2015年10月30日 07:21  リアルサウンド

リアルサウンド

『馬子先輩の言う通り』公式サイト

 毎週金曜日にフジテレビで放送されている『馬子先輩の言う通り』で、大野いとがついに連ドラ初主演を果たしたというので観てみると、なんと放送枠が15分しかない。しかも、CMを挟むので実質尺が11分弱しかないので、はたして連ドラと呼んでいいものかと悩ましい。


参考:有村架純に続くブレイクなるか? 『忘れ雪』出演の"あまちゃん女優"大野いとの可能性


 競馬好きで馬にしか興味のない美人OL馬子と、彼女に恋をする若手社員の岡部豊(この名前のチョイスに、どうしても笑えてしまう。
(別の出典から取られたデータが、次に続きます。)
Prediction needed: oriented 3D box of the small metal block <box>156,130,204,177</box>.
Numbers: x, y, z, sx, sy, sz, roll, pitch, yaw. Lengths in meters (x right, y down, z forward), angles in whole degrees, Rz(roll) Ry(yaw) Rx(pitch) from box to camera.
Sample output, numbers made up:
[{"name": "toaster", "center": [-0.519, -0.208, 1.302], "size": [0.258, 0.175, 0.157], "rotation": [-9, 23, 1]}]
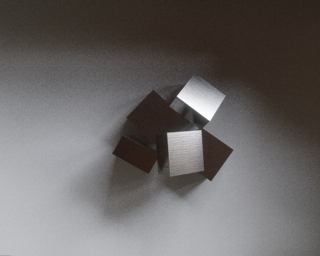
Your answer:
[{"name": "small metal block", "center": [0.024, 0.029, 0.374], "size": [0.050, 0.025, 0.050], "rotation": [-4, 90, -33]}]

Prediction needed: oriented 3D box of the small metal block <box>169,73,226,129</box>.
[{"name": "small metal block", "center": [0.049, -0.035, 0.399], "size": [0.050, 0.025, 0.050], "rotation": [37, 57, -1]}]

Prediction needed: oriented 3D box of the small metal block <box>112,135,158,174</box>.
[{"name": "small metal block", "center": [-0.029, 0.032, 0.396], "size": [0.050, 0.050, 0.025], "rotation": [29, 90, -1]}]

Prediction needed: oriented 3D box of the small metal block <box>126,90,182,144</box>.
[{"name": "small metal block", "center": [-0.008, -0.014, 0.409], "size": [0.050, 0.025, 0.050], "rotation": [44, 90, -1]}]

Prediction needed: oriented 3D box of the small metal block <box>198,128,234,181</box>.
[{"name": "small metal block", "center": [0.060, 0.034, 0.410], "size": [0.050, 0.025, 0.050], "rotation": [35, 90, -1]}]
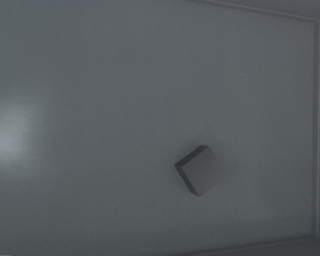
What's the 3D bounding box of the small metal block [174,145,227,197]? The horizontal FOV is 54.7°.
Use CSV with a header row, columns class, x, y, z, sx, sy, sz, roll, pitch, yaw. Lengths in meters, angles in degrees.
class,x,y,z,sx,sy,sz,roll,pitch,yaw
small metal block,0.057,0.059,0.433,0.050,0.025,0.050,-35,102,-17
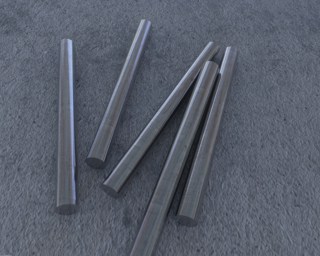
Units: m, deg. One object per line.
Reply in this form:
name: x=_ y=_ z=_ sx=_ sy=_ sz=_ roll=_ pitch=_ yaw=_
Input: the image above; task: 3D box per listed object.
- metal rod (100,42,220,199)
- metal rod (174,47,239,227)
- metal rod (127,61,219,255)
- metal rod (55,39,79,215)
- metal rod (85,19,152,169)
metal rod: x=0.016 y=-0.031 z=0.428 sx=0.025 sy=0.025 sz=0.301 roll=23 pitch=53 yaw=18
metal rod: x=0.071 y=-0.013 z=0.414 sx=0.025 sy=0.025 sz=0.300 roll=14 pitch=51 yaw=11
metal rod: x=0.026 y=0.023 z=0.375 sx=0.025 sy=0.025 sz=0.300 roll=15 pitch=54 yaw=12
metal rod: x=-0.127 y=-0.026 z=0.423 sx=0.025 sy=0.025 sz=0.300 roll=-8 pitch=51 yaw=-7
metal rod: x=-0.051 y=-0.071 z=0.462 sx=0.025 sy=0.025 sz=0.300 roll=7 pitch=50 yaw=6
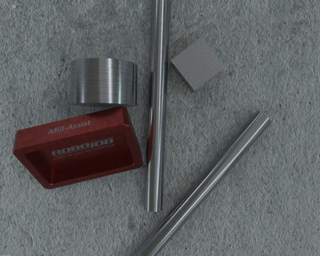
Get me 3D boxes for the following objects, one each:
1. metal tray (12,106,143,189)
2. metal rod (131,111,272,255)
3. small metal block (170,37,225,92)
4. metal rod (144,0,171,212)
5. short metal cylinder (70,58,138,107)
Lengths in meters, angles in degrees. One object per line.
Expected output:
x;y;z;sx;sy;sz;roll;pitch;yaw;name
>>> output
-0.093;0.027;0.377;0.131;0.090;0.030;-14;50;-1;metal tray
0.040;0.098;0.410;0.025;0.025;0.300;41;90;-1;metal rod
0.049;-0.083;0.411;0.050;0.025;0.050;-38;91;0;small metal block
-0.003;-0.041;0.409;0.025;0.025;0.298;2;90;-1;metal rod
-0.068;-0.053;0.382;0.081;0.080;0.050;1;90;-1;short metal cylinder
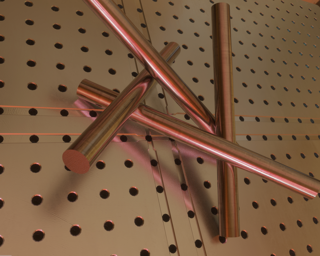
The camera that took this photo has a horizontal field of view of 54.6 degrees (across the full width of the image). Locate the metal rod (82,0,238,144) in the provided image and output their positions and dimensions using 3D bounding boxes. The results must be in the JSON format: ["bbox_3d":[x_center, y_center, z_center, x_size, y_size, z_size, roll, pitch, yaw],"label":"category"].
[{"bbox_3d":[0.015,-0.056,0.386,0.300,0.025,0.025,45,48,-23],"label":"metal rod"}]

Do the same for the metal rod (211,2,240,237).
[{"bbox_3d":[0.083,-0.017,0.399,0.025,0.025,0.299,4,80,-26],"label":"metal rod"}]

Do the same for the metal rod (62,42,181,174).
[{"bbox_3d":[-0.024,-0.049,0.376,0.025,0.025,0.301,36,36,-4],"label":"metal rod"}]

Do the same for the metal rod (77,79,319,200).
[{"bbox_3d":[0.039,0.010,0.371,0.301,0.025,0.025,24,51,6],"label":"metal rod"}]
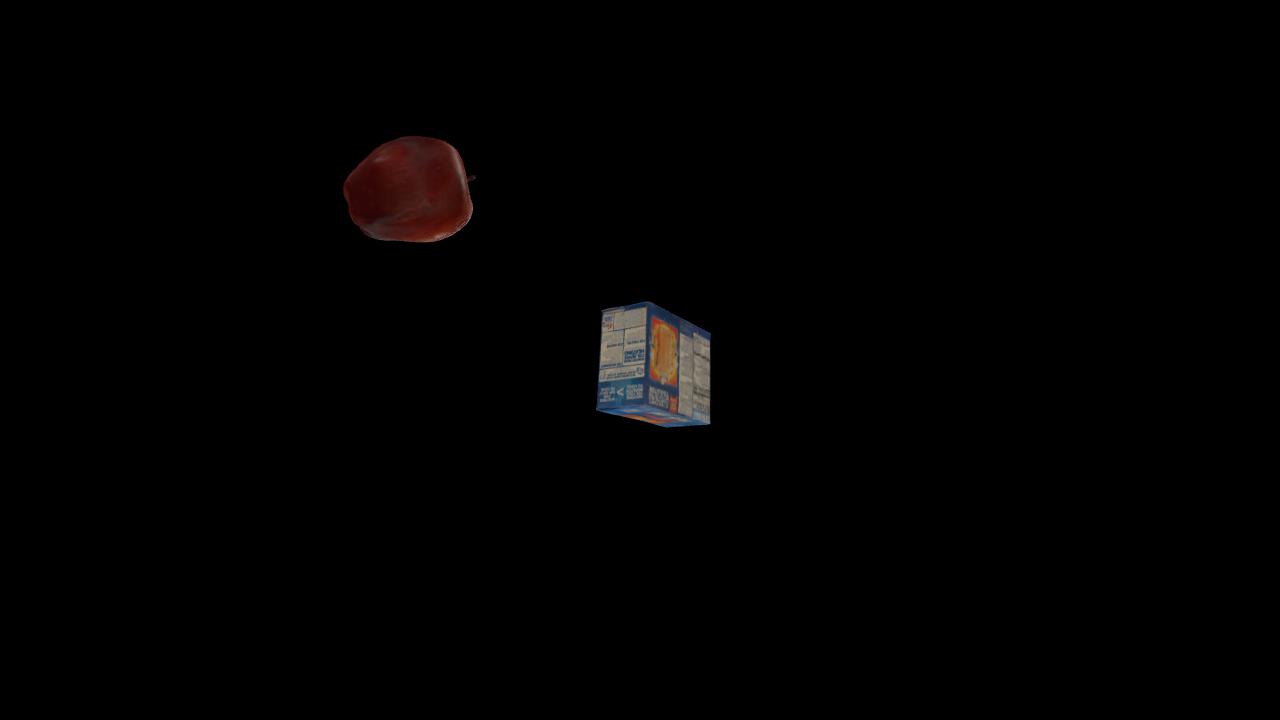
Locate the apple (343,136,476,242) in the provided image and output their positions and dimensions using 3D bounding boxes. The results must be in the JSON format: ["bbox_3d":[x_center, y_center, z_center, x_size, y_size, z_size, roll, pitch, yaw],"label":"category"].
[{"bbox_3d":[-0.168,-0.126,0.457,0.093,0.079,0.079,-17,3,-9],"label":"apple"}]

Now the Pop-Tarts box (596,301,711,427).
[{"bbox_3d":[0.024,0.013,0.859,0.083,0.141,0.167,-9,-18,35],"label":"Pop-Tarts box"}]
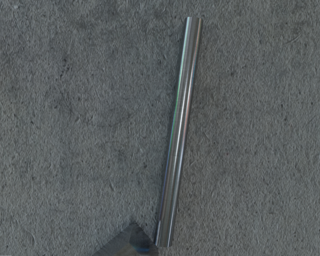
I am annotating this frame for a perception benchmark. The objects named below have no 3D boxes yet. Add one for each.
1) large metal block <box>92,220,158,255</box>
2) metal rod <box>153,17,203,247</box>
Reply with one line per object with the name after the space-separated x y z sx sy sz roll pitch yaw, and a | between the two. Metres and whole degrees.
-0.049 0.171 0.382 0.080 0.080 0.050 -39 90 0 | large metal block
0.024 0.005 0.410 0.025 0.025 0.298 8 90 0 | metal rod
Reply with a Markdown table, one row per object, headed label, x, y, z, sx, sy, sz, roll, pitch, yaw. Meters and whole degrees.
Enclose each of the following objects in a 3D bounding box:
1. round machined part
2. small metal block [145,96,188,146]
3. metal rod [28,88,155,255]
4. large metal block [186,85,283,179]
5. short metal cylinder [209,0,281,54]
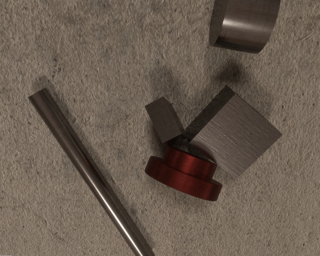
| label | x | y | z | sx | sy | sz | roll | pitch | yaw |
| --- | --- | --- | --- | --- | --- | --- | --- | --- | --- |
| round machined part | 0.034 | 0.053 | 0.395 | 0.099 | 0.098 | 0.042 | 22 | 89 | -8 |
| small metal block | 0.009 | -0.007 | 0.384 | 0.025 | 0.050 | 0.050 | -28 | 77 | 9 |
| metal rod | -0.087 | 0.080 | 0.437 | 0.025 | 0.025 | 0.299 | -26 | 109 | 9 |
| large metal block | 0.092 | 0.004 | 0.400 | 0.080 | 0.050 | 0.080 | 38 | 105 | -13 |
| short metal cylinder | 0.089 | -0.125 | 0.336 | 0.050 | 0.080 | 0.079 | 9 | 110 | -4 |

ちなみに他の登場人物の役名には、有名馬主が使う冠名が用いられているので、競馬ファンは間違いなくニヤリとしてしまうであろう)。この二人の恋模様が描かれるこのドラマは、放送された週末に行われるJRAのメインレースの結果によって翌週の放送内容が変わるという、なんとも突拍子もない試みに挑んでいるのである。


 そのような試みがあるがため、必然的に幾つかのパターンを用意して撮影しなければならないともなれば、1話の短さも納得である。そういえば、昨年夏にフジテレビ深夜枠で放送された『おわらないものがたり』でも、各回終了時に、その後の展開に関わる選択肢から視聴者がデータ放送やインターネットを介して投票し、次週放送される回にその結果が反映されるという視聴者参加型ドラマを作り上げていた。
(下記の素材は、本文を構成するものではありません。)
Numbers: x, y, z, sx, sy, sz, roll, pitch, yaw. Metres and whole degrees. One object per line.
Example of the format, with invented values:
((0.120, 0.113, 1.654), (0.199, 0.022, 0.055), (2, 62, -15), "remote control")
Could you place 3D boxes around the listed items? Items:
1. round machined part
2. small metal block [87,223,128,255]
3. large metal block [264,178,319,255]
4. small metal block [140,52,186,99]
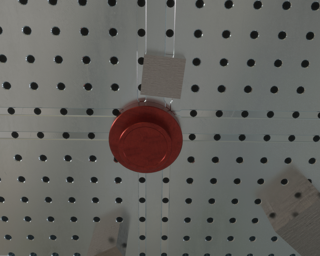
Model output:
((-0.019, 0.018, 0.411), (0.099, 0.042, 0.097), (0, 110, -1), "round machined part")
((-0.078, 0.178, 0.465), (0.050, 0.050, 0.025), (-26, 108, 9), "small metal block")
((0.217, 0.135, 0.453), (0.080, 0.050, 0.080), (43, 104, -15), "large metal block")
((0.003, -0.066, 0.389), (0.050, 0.025, 0.050), (6, 110, -3), "small metal block")
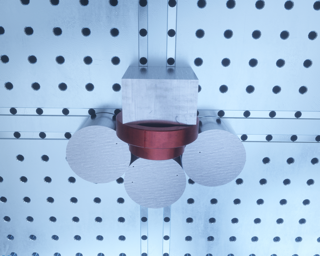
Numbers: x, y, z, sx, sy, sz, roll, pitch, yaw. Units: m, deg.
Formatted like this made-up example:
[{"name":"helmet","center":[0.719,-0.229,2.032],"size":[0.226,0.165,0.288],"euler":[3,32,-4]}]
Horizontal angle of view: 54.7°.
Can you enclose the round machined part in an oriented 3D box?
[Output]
[{"name":"round machined part","center":[-0.003,0.006,0.375],"size":[0.099,0.098,0.042],"euler":[2,110,-1]}]

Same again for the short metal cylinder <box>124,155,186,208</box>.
[{"name":"short metal cylinder","center":[-0.006,0.062,0.423],"size":[0.081,0.050,0.079],"euler":[0,110,0]}]

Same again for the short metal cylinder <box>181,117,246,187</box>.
[{"name":"short metal cylinder","center":[0.068,0.030,0.412],"size":[0.081,0.050,0.079],"euler":[0,110,0]}]

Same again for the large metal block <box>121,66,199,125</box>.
[{"name":"large metal block","center":[0.000,-0.041,0.368],"size":[0.081,0.080,0.050],"euler":[1,110,-1]}]

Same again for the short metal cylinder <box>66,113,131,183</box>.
[{"name":"short metal cylinder","center":[-0.077,0.026,0.409],"size":[0.081,0.050,0.079],"euler":[0,110,0]}]
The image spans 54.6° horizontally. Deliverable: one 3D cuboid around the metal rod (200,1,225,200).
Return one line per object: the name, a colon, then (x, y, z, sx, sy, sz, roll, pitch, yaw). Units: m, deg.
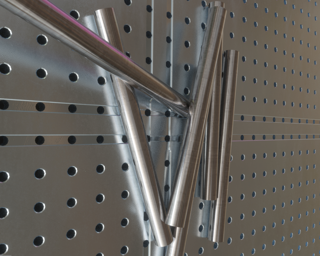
metal rod: (0.080, -0.042, 0.474, 0.025, 0.025, 0.298, 5, 87, -40)

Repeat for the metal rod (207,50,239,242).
metal rod: (0.101, 0.025, 0.492, 0.025, 0.025, 0.299, 10, 84, -40)

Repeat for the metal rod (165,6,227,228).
metal rod: (0.050, -0.022, 0.415, 0.025, 0.025, 0.299, 20, 78, -38)

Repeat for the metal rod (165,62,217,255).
metal rod: (0.044, 0.048, 0.438, 0.025, 0.025, 0.299, 16, 82, -39)

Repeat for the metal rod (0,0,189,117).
metal rod: (-0.047, -0.069, 0.323, 0.301, 0.025, 0.025, 26, 73, -51)

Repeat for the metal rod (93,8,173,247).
metal rod: (-0.029, 0.008, 0.383, 0.025, 0.025, 0.298, -23, 104, -38)
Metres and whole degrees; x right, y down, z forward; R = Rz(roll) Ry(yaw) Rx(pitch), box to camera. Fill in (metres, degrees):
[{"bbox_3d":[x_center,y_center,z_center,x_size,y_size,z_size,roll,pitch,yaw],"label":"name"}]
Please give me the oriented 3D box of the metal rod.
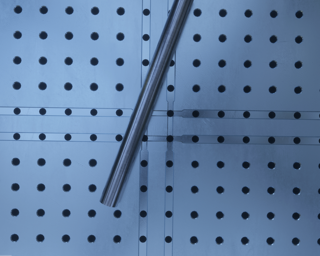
[{"bbox_3d":[-0.017,-0.040,0.413,0.025,0.025,0.299,20,90,0],"label":"metal rod"}]
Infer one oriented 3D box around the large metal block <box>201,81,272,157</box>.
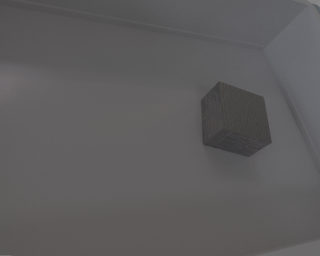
[{"bbox_3d":[0.109,-0.012,0.455,0.080,0.050,0.080,16,56,-20],"label":"large metal block"}]
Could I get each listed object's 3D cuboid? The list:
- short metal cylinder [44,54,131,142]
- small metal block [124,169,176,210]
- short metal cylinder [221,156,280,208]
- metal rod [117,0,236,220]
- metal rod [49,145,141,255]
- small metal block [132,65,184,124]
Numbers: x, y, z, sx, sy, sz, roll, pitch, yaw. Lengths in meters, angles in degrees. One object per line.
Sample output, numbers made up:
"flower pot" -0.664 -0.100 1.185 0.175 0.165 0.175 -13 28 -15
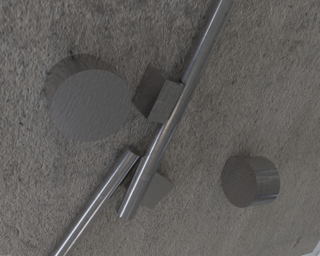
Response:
"short metal cylinder" -0.077 -0.032 0.328 0.081 0.050 0.079 -14 124 -21
"small metal block" -0.015 0.085 0.451 0.050 0.025 0.050 -45 129 3
"short metal cylinder" 0.146 0.086 0.505 0.050 0.080 0.079 1 118 -29
"metal rod" 0.015 -0.016 0.388 0.025 0.025 0.298 16 105 -35
"metal rod" -0.120 0.149 0.433 0.025 0.025 0.299 28 103 -38
"small metal block" -0.004 -0.040 0.364 0.025 0.050 0.050 14 111 -34
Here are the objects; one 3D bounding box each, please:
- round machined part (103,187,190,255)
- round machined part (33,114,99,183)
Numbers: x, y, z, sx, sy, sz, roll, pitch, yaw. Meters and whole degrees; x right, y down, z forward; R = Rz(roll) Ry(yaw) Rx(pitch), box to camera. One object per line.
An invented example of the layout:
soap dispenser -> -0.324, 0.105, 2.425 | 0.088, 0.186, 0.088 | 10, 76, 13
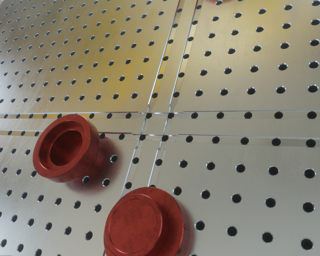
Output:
round machined part -> -0.020, 0.111, 0.339 | 0.098, 0.042, 0.098 | -13, 56, 20
round machined part -> -0.128, 0.032, 0.443 | 0.098, 0.042, 0.098 | -13, 56, 20
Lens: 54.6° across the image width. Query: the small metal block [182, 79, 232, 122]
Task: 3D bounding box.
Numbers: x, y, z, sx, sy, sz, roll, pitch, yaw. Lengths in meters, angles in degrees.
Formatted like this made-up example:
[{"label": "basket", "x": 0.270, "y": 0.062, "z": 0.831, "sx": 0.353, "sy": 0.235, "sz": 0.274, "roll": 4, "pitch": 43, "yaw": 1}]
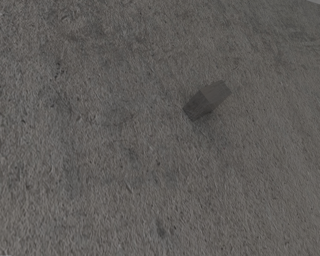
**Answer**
[{"label": "small metal block", "x": 0.068, "y": -0.039, "z": 0.447, "sx": 0.050, "sy": 0.050, "sz": 0.025, "roll": -27, "pitch": 77, "yaw": -37}]
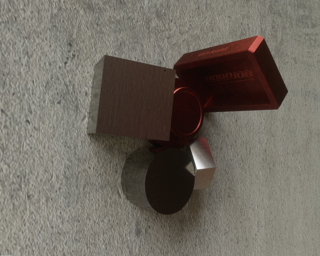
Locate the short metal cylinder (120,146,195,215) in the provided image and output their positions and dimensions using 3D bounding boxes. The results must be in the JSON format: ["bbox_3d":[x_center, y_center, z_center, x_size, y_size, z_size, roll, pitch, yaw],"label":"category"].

 元々フィクションの世界は、視聴者は制作者から提示された情報を単純に受け止めるほかなかっただけに、このような視聴者参加型の取り組みは視聴者自身にとって、ドラマの世界に影響をもたらすという優越感を得ることができるので今後増加していきそうな予感がする。ところが今回は物語をどちらに転ばせるか選ぶことができるのは、視聴者ではなく競走馬であるというのだ。フィクションの世界に現実が介入するという、これまであまりなかった面白みがドラマに加えられたのである。ただ困ったことは、放送の2日後の夕方にレース結果が判明するので視聴者は翌週の大筋を知ってしまい、連続ドラマに欠かせない「次週はどういう展開が待っているのだろう」というドキドキ感が持続しないのではないだろうか。それはかなりリスキーなようにも思える。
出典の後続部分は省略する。